A General Method for Quantifying the Shear Strength Anisotropy of Soil

Abstract

Although extensive investigations have been performed on soil anisotropy, little information is available regarding its quantification. The quantification of anisotropy reflects the extent to which the inherent anisotropy of soil controls its mechanical behavior and so it is crucial for connecting comprehensive experimental research with soil constitutive models and engineering practices. The present study evaluates the level of shear strength anisotropy in various types of soil. A database is compiled of the variations of shear strength with the direction of major principal stress (α) as established via hollow-cylinder torsional shear tests, covering more than 20 types of soil. This study reviews critically the existing methods for strength anisotropy, finding none of them quantifies anisotropy satisfactorily.
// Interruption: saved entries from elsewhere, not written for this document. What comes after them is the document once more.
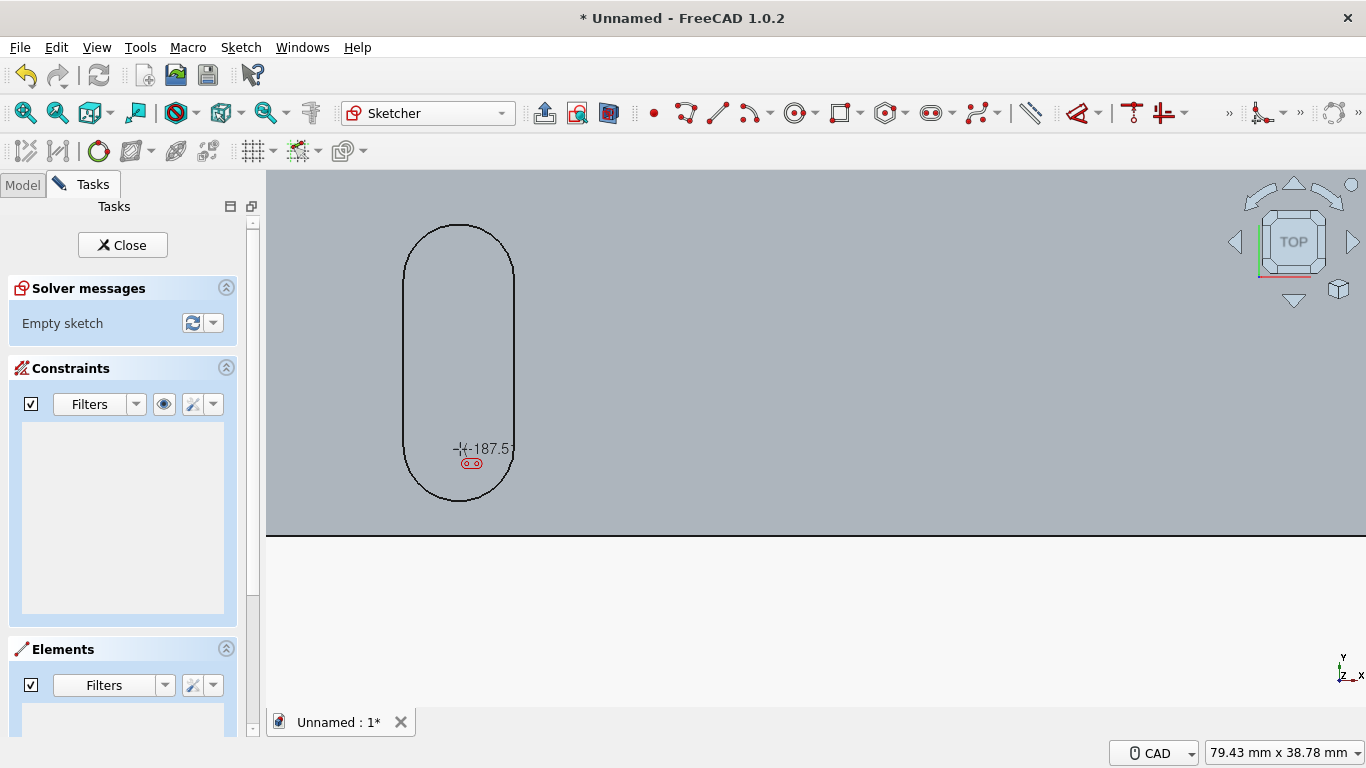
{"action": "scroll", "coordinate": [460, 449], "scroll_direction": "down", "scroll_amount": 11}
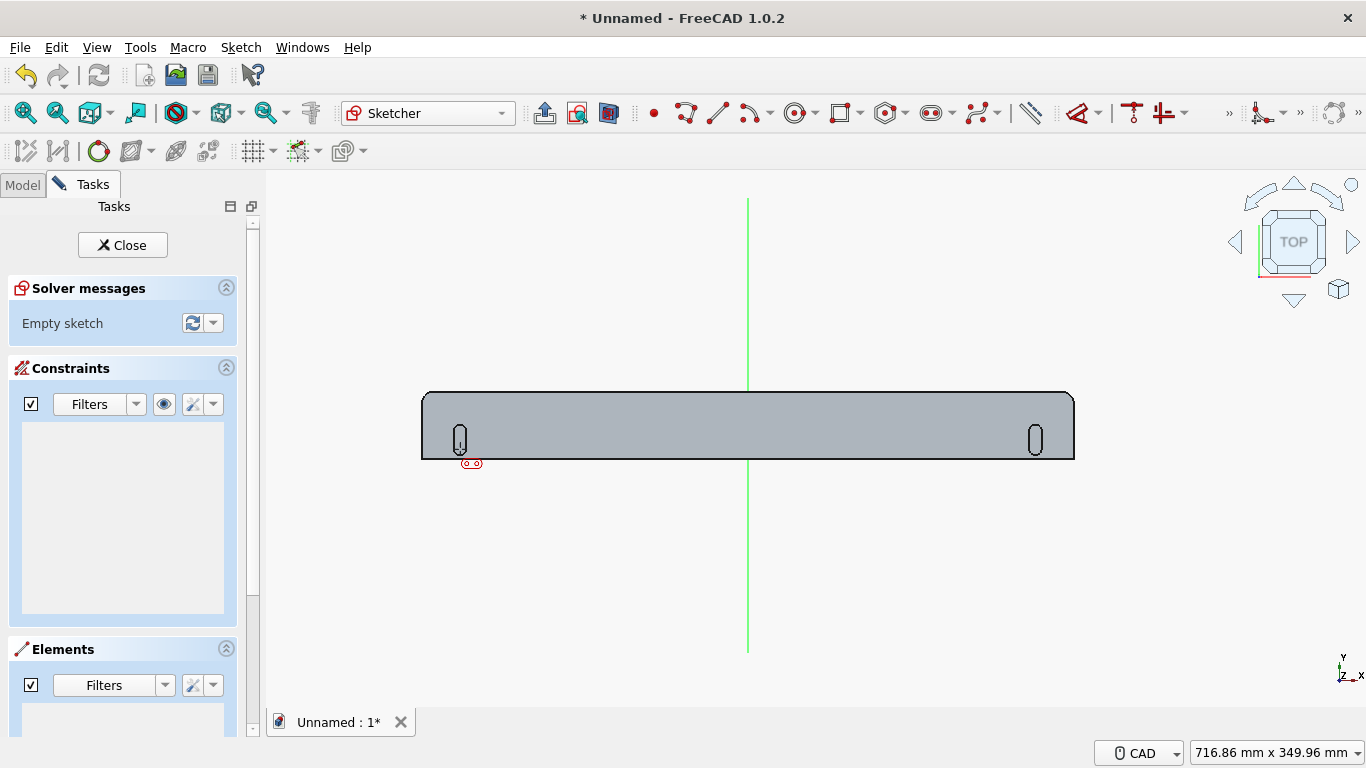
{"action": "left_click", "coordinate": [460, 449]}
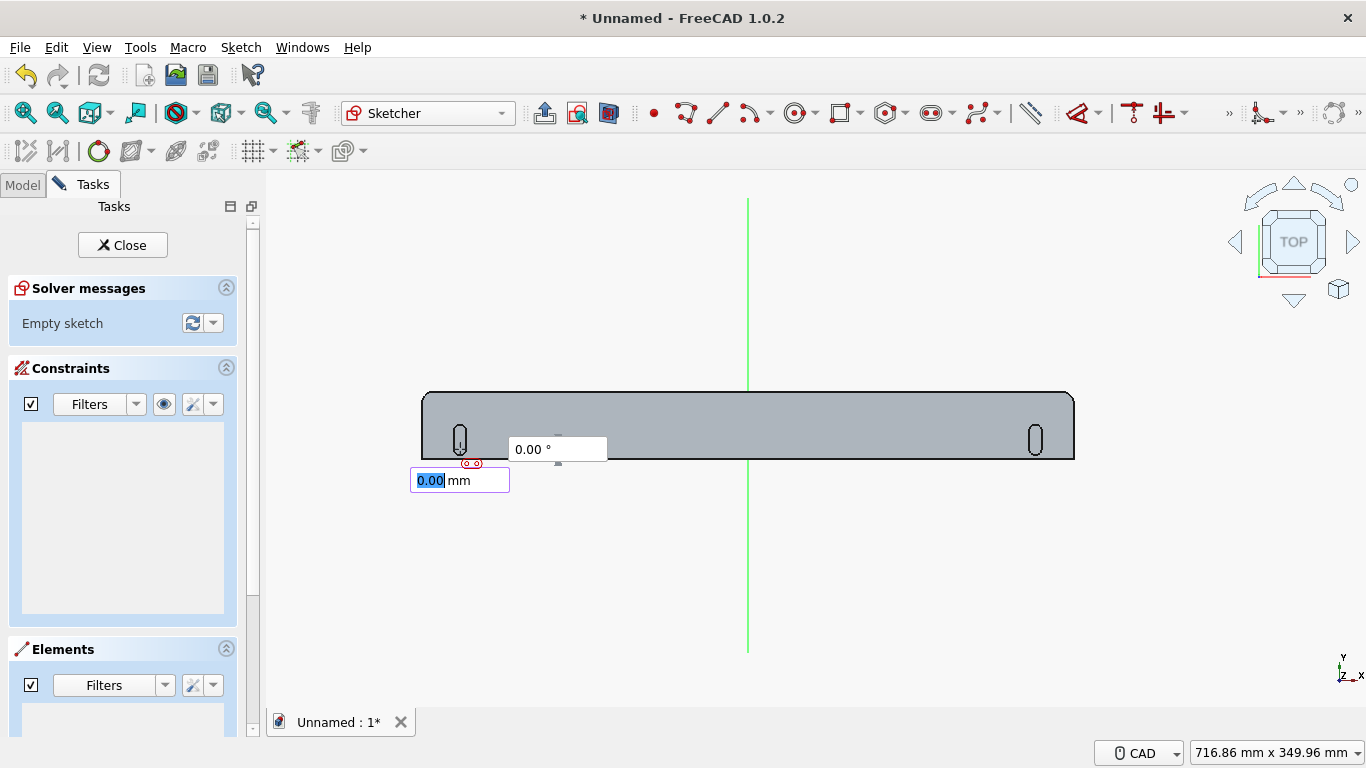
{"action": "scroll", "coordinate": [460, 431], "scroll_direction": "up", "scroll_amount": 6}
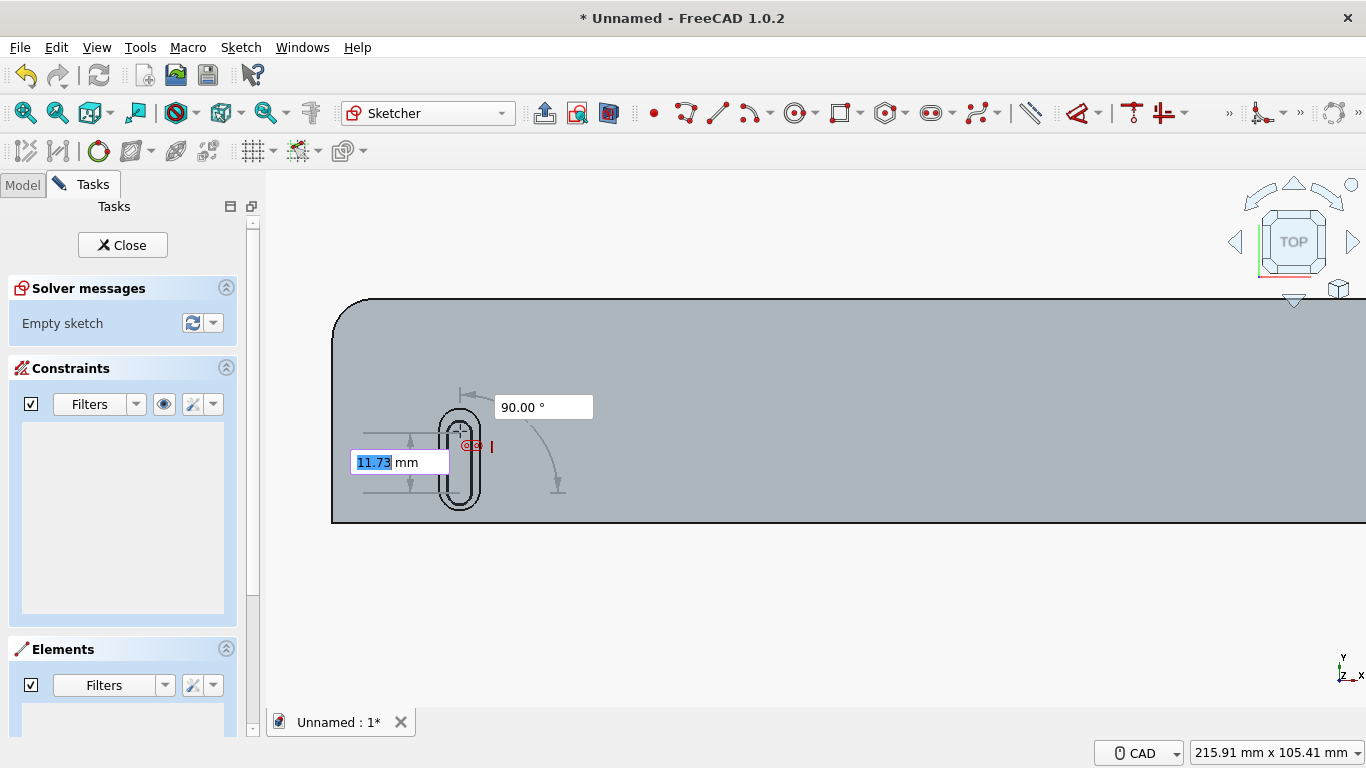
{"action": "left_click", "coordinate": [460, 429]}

The present study proposes using the bracketed area by the S(α)/S(0)–α curve and the line S(α)/S(0) = 1 to measure the level of strength anisotropy, where S(α) is the soil strength as a function of α. The proposed method in this study can measure the strength anisotropy levels of sands, silts, clays, residual soil, calcareous sand, mudstone, and glacial till, among others. Additionally, the anisotropy degree measured using the proposed method appears to be consistent with the results of microstructural anisotropy evaluations. This study enhances the understanding of soil anisotropy by providing a comprehensive database of soil strength anisotropy and proposing a general method for its quantification.